The title of the talk given by Lluís Padró will be: "FreeLing: Open-Source Natural Language Processing for Research and Development"
[Talk slides]

Foto d'Aarne Ranta

Aarne Ranta got his PhD at the University of Helsinki in 1990. His research about constructive type theory and computational linguistics led to the monograph "Type Theoretical Grammar" (OUP 1994) and later to the system GF (Grammatical Framework), which is a programming language for multilingual grammars and their applications. GF has been used in several projects on technical translation, natural language interfaces, spoken dialogue systems, and the creation of lexical and grammatical resources. A full professor of Computer Science since 2005, Ranta has supervised 5 PhD theses to completion and is currently supervising 4. He has a long teaching experience in logic, language technology, compiler construction, and functional programming. A native speaker of Finnish, Ranta speaks six languages and reads another six ones.

Since March 2010, Ranta is the coordinator of the European FP-7 project MOLTO (Multilingual On-Line Translation), which develops tools and case studies for high-quality translation among 15 languages. MOLTO tools are based on GF but the project also develops hybrid models combining grammars with statistical MT.

Aarne Ranta's talk summary:

The World Wide Web is a globally accessible, multilingual source of information, which has created an urgent need for automatic translation. Some of this need is satisfied by tools such as Google translate, Bing translator, and Babelfish/Systran, which provide quick translations of any web page between a large number of languages (currently 57 in Google translate). While these systems are impressive and useful, they have the character of *consumer* tools, rather than *producer* tools. A consumer, who uses one of these systems to translate a document, does it at her own risk. But if the producer herself publishes a translation, she is responsible for its correctness. For instance, an international e-commerce company publishing offers and product descriptions would take too high a risk by translating them by any of the consumer tools.

There is little hope in machine translation to achieve at the same time large coverage and high quality. In the resulting trade-off, consumer tools must opt for coverage, whereas producer tools should opt for quality. Fortunately, a producer of information is often in control of the content to be translated, so that unlimited coverage is not necessary. The MOLTO project (www.molto-project.eu) targets this need, and aims to show the feasibility of production quality translation for limited domains but a high number of simultaneous languages (up to 15 within the project's case studies).
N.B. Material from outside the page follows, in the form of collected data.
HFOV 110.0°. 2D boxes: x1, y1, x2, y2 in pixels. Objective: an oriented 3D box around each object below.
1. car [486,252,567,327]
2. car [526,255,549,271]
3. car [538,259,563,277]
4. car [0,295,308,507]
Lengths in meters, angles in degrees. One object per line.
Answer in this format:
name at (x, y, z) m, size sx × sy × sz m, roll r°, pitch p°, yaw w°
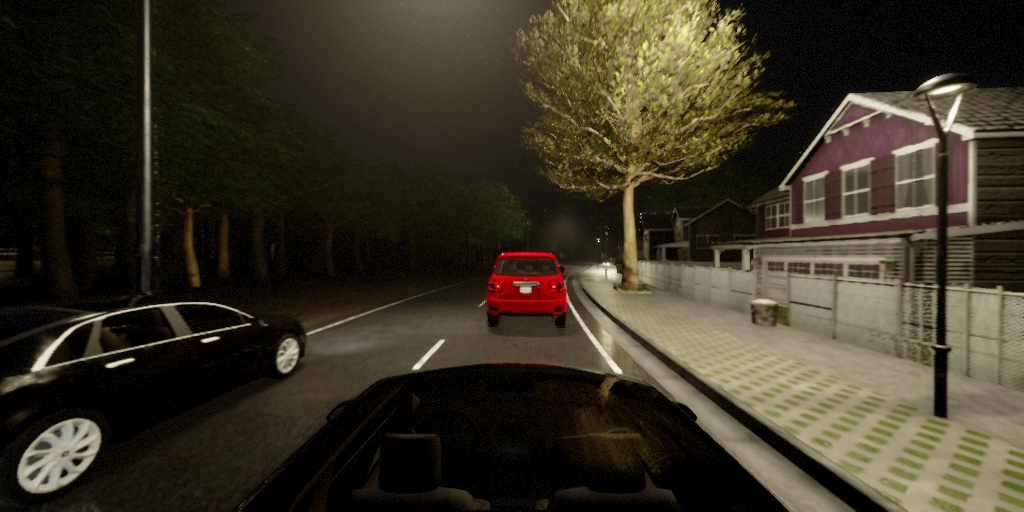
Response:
car at (0.521, 0.911, 11.522) m, size 2.150 × 2.045 × 5.566 m, roll 0°, pitch 0°, yaw 4°
car at (3.475, 0.836, 47.783) m, size 2.150 × 2.045 × 5.566 m, roll 0°, pitch 0°, yaw 15°
car at (3.671, 1.087, 33.283) m, size 1.837 × 1.490 × 4.892 m, roll 0°, pitch 0°, yaw 12°
car at (-4.539, 1.226, 4.343) m, size 1.837 × 1.490 × 4.892 m, roll 0°, pitch 0°, yaw 1°
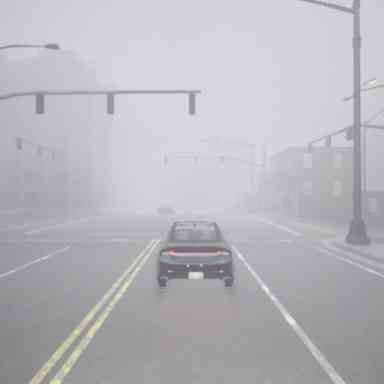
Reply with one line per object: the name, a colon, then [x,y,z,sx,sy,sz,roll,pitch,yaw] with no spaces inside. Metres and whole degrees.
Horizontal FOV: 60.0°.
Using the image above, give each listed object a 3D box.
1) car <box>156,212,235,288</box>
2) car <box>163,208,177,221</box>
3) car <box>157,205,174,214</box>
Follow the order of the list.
car: [0.081,1.566,9.481,2.128,1.511,4.902,0,0,0]
car: [-3.582,3.719,53.931,1.882,1.535,5.008,0,-12,0]
car: [-3.585,2.399,44.805,1.994,1.385,4.181,0,-5,0]
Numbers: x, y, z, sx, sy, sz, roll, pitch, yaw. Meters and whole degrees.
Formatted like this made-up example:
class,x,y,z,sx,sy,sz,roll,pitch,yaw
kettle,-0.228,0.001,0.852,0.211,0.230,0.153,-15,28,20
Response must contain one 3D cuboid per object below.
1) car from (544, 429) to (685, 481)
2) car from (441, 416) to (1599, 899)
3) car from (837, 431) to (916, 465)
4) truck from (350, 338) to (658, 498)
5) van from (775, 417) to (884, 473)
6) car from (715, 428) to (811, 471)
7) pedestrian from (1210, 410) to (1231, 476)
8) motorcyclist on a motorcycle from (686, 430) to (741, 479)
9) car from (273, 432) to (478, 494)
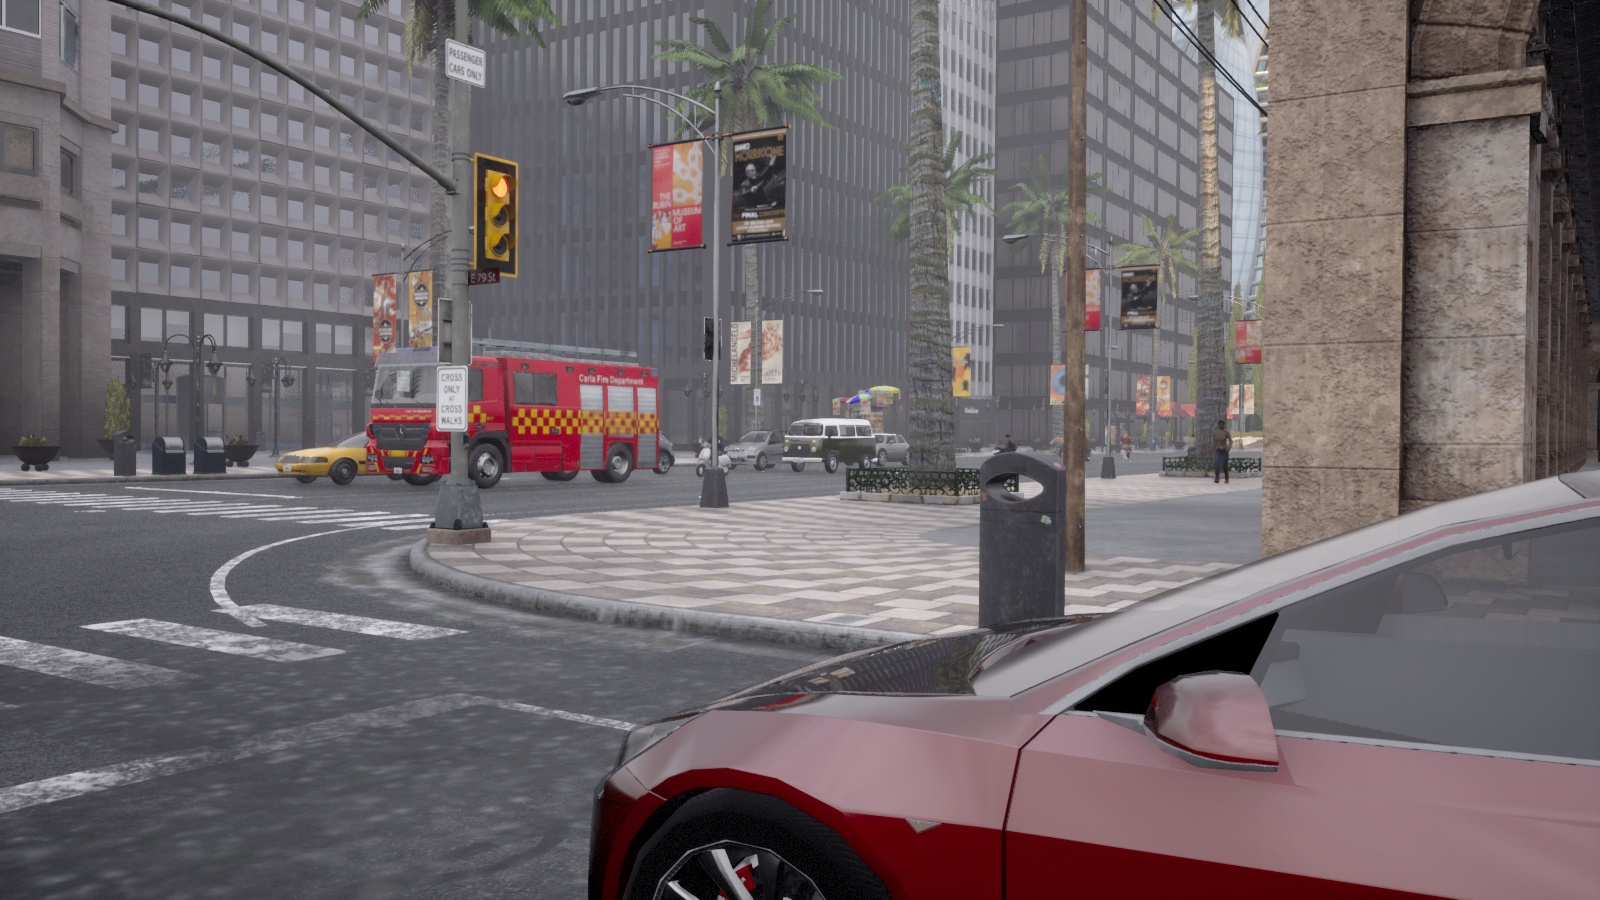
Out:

The technology used by MOLTO is based on GF (Grammatical Framework), which is a programming language for multilingual grammars.

The talk will explain how production-quality translation systems can be built rapidly and economically by using GF. The key concept of GF is a *multilingual grammar*, a grammar that uses an *abstract syntax* as an interlingua, a shared semantic structure for multiple languages. The languages are related to the abstract syntax by reversible mappings. To help writing these mappings, GF provides a Resource Grammar Library, which implements the morphology and basic syntax of currently 18 languages.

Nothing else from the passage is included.